►

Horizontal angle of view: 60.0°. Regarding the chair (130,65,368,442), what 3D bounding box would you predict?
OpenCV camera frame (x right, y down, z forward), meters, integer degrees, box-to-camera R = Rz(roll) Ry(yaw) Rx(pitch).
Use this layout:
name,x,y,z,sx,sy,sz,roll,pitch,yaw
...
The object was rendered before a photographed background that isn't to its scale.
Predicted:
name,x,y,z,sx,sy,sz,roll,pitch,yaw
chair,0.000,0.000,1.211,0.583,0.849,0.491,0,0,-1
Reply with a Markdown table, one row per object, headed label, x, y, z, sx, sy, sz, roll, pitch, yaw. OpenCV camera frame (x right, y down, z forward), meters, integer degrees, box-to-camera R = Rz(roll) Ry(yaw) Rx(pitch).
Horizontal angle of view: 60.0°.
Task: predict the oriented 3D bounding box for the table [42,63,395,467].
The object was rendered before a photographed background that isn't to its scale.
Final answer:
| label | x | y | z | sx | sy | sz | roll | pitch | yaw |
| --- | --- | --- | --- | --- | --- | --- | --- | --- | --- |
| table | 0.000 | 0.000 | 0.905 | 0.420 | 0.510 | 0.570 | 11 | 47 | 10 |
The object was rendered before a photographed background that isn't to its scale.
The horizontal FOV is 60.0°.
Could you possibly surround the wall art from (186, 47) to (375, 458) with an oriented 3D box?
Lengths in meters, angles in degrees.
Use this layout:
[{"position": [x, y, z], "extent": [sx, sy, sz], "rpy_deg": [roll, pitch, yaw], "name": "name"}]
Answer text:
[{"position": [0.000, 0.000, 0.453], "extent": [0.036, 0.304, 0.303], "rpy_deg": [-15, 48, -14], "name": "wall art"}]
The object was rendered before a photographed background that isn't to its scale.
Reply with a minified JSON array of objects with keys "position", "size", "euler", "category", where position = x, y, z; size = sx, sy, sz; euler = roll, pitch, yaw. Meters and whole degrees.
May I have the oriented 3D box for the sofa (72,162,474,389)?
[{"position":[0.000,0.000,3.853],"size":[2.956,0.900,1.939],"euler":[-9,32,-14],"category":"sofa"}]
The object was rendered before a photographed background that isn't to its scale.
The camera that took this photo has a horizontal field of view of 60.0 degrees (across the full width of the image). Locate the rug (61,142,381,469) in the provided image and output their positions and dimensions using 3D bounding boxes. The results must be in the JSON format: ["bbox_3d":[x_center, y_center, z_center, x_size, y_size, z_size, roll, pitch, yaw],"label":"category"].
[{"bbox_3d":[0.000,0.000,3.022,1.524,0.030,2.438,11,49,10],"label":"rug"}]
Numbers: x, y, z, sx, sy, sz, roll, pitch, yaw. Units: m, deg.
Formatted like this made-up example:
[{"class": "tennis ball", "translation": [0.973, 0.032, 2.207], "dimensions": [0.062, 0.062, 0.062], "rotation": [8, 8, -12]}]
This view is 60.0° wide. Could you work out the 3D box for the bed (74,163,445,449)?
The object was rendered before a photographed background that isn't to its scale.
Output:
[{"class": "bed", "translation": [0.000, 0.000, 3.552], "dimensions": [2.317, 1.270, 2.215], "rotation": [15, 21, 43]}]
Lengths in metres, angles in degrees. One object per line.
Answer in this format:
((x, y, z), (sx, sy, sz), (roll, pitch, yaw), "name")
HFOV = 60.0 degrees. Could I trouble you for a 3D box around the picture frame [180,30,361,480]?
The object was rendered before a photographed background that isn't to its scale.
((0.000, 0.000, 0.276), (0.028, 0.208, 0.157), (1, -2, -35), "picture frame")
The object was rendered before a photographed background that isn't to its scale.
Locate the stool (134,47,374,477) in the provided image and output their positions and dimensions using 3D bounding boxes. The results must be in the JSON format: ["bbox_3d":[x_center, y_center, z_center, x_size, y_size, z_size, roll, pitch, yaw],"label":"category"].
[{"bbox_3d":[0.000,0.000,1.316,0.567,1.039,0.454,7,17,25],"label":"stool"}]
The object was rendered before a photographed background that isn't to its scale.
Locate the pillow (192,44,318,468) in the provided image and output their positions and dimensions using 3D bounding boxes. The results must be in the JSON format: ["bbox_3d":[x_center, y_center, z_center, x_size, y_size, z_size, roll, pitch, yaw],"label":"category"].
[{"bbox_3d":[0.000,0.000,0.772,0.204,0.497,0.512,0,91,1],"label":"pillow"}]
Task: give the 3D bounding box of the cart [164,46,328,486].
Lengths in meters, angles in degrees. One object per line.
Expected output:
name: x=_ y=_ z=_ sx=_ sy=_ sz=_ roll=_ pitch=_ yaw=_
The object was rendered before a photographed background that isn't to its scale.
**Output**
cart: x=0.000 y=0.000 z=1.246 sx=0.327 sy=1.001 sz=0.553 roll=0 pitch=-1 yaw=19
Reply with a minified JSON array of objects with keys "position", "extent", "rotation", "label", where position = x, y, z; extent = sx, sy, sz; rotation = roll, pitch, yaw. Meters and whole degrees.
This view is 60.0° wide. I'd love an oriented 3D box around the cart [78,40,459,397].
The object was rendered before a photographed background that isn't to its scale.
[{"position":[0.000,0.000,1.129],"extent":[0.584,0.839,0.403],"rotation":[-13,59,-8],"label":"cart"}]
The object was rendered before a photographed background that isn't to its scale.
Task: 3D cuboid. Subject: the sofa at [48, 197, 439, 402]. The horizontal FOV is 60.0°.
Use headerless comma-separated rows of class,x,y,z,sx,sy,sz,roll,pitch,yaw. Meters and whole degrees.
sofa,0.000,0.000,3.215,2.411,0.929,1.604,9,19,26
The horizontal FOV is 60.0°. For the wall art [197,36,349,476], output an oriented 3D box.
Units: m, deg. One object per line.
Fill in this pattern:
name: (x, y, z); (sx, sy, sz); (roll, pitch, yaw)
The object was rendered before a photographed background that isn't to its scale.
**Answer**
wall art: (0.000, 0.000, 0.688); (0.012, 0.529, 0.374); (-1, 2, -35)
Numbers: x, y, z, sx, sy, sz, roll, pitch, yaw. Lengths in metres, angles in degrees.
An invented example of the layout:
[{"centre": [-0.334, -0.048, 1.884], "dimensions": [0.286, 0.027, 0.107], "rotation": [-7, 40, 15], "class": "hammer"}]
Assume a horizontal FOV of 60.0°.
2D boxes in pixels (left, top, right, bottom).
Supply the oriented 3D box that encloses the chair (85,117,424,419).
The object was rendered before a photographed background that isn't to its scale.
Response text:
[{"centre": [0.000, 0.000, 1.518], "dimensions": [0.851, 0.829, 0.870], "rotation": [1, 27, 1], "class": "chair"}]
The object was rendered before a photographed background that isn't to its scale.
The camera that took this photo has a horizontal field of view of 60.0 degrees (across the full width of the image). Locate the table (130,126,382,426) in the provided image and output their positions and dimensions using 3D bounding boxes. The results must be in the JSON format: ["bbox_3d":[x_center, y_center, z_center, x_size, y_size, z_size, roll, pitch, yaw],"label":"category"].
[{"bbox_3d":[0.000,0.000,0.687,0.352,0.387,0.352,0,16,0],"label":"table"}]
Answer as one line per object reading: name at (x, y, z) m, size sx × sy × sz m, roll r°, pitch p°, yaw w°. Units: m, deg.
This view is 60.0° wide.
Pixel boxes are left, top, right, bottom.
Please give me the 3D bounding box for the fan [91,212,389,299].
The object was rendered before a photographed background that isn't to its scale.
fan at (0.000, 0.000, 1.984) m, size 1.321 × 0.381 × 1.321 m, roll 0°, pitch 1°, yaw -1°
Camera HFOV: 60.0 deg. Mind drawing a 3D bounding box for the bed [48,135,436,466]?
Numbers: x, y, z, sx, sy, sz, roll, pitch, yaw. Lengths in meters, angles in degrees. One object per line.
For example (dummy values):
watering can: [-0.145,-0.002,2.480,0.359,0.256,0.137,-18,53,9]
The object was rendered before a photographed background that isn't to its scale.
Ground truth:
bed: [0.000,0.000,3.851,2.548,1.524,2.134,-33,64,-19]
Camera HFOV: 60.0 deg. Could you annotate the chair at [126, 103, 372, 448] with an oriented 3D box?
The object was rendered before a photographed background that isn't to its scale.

◄

What to work on: Reproduce the lines from the one containing "Please give me" to the end of the entries, keeping both ends and adding nothing.

Response for this exercise:
Please give me the 3D bounding box for the fan [91,212,389,299].
The object was rendered before a photographed background that isn't to its scale.
fan at (0.000, 0.000, 1.984) m, size 1.321 × 0.381 × 1.321 m, roll 0°, pitch 1°, yaw -1°
Camera HFOV: 60.0 deg. Mind drawing a 3D bounding box for the bed [48,135,436,466]?
Numbers: x, y, z, sx, sy, sz, roll, pitch, yaw. Lengths in meters, angles in degrees. One object per line.
For example (dummy values):
watering can: [-0.145,-0.002,2.480,0.359,0.256,0.137,-18,53,9]
The object was rendered before a photographed background that isn't to its scale.
Ground truth:
bed: [0.000,0.000,3.851,2.548,1.524,2.134,-33,64,-19]
Camera HFOV: 60.0 deg. Could you annotate the chair at [126, 103, 372, 448] with an oriented 3D box?
The object was rendered before a photographed background that isn't to its scale.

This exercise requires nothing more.